In the book, Crisis of the Two Constitutions: The Rise, Decline, and Recovery of American Greatness, Kesler rails against contemporary liberalism as catastrophic (“its hostility extends to the theological, philosophical, literary, and scientific heritage of the West”; “this [the anti-American Left] plunged its knife into our politics in the 1960s and has been twisting it ever since”; “increasingly, the effect of higher education is to turn our own children into aliens, and hostile ones at that”) and supports the idea of a new founding and counterrevolution on the part of American conservatives. In his final chapter, “Thinking about Trump,” which originally appeared as a CRB essay in 2018, Kesler praises Trump’s outsider status, his sense of humor, his courage, his partiality (“courage in defense of one’s own”), his unapologetic love for America (“Trump alone among the 2016 candidates took an unflinching, proud stand against the multicultural dissolution and loathing of America”), his confidence in American principles, his sense of justice, and his shrewd politics. Kesler begins the chapter by coyly mocking those who saw something “dangerous” in Michael Anton’s rhetoric (which Kesler defends as merely “galvanizing” and metaphorical; after all, “almost any spirited political appeal involves an element of exaggeration for effect”). And he blames conservatives for their excessive torpor.
After the events of January 6, those words read quite differently.
In apparent recognition of Trump’s fall from grace, Kesler wrote and published what at first blush appears to be a mea culpa in the Winter 2020/21 issue of the CRB. The essay provides a good window into the Claremont world, because it demonstrates how far even a smart man like Kesler is willing to go in defending Trump, as well as the style of argumentation that Claremont’s Trump supporters typically use to make their case.
Entitled “After January 6: The future of Trump and Trumpism,” the article begins with a sober acknowledgement of the ugliness of the attack on the Capitol.
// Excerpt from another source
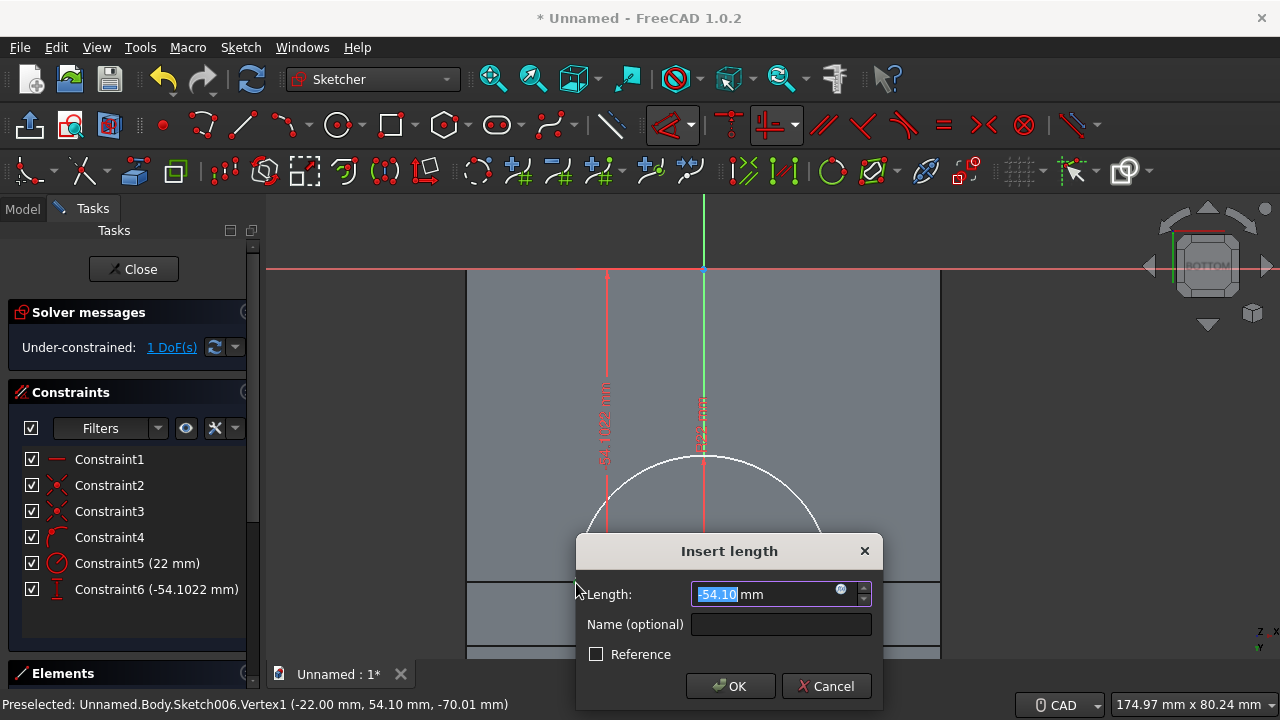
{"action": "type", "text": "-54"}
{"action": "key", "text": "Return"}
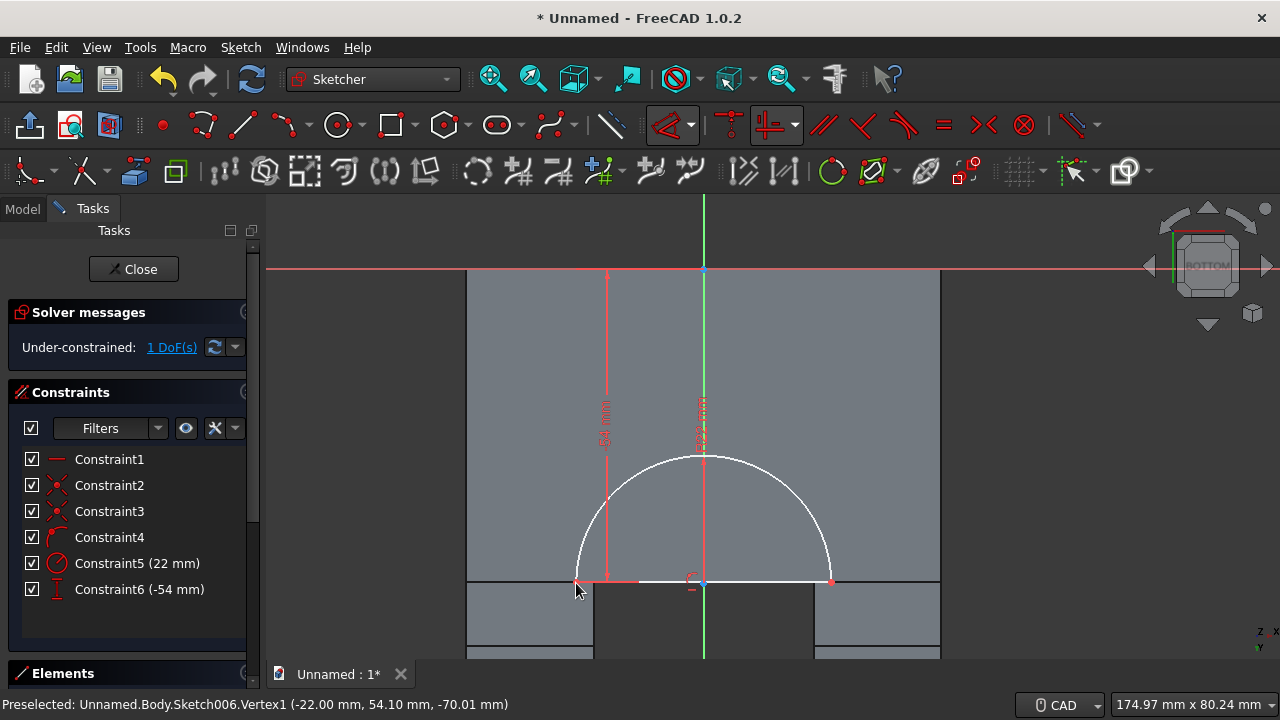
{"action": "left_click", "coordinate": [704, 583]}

Kesler strongly condemns the insurrectionists (“No citizen, no constitutionalist, no conservative could regard that day’s outrages with anything but dismay and indignation”); he disavows mob violence; and he offers some tepid, indirect rebukes of Trump (“No petitions had been prepared to present to their members of Congress. No preparations had been made to organize protests by, or to address, a crowd of that size, or even to contain them safely.”).
But Kesler quickly pivots—criticizing the Democrats and challenging the legitimacy of the second Trump impeachment.
Kesler is not persuaded that Trump is guilty of incitement of violence. By the end of the essay, Kesler’s summary criticism against Trump is that he was “reckless” in calling a rally for the very day Congress would be meeting, as well as for encouraging the crowd to march to the Capitol absent clear preparations for what should happen next. Kesler eventually concedes that “there is persuasive evidence” that Biden did win the election. But in the course of all this, he avoids any real confrontation with the former president’s dereliction of duty on January 6 and his ongoing refusal to concede the election. Further, Kesler’s gentle rebukes of the former president allow him the rhetorical space to circle back to the question of election fraud.
In the full course of Kesler’s article, a problematic tension emerges: Kesler is willing to condemn the mob violence at the Capitol, and he maintains a hesitant tone throughout, but he is not convinced that Trump’s claims about election fraud were wrong. Kesler does a very fancy dance throughout the piece to avoid stating the matter plainly, but his view appears to be that the “stop the steal” movement had some legitimacy. One subsection of the piece is entitled “Finding the Fraud,” and rather than conclude that the “search” for fraud was misguided, Kesler’s basic take is that we’ll never know for sure. Here is a telling passage:
Speaker Pelosi and her allies called [Trump’s statements about election fraud] “false claims.” . . . Nonetheless, she and her colleagues could not ignore these so-called false—or to use other adjectives in favor with Trump’s critics—baseless, absurd, and discredited claims. Truth is, of course, that claims are “baseless” only until such time as a base of evidence appears for them.
This is the backbone of Kesler’s always-hedging argument: that evidence of widespread election fraud—and hence of Donald Trump’s victory—is quite possibly merely in a state of delay.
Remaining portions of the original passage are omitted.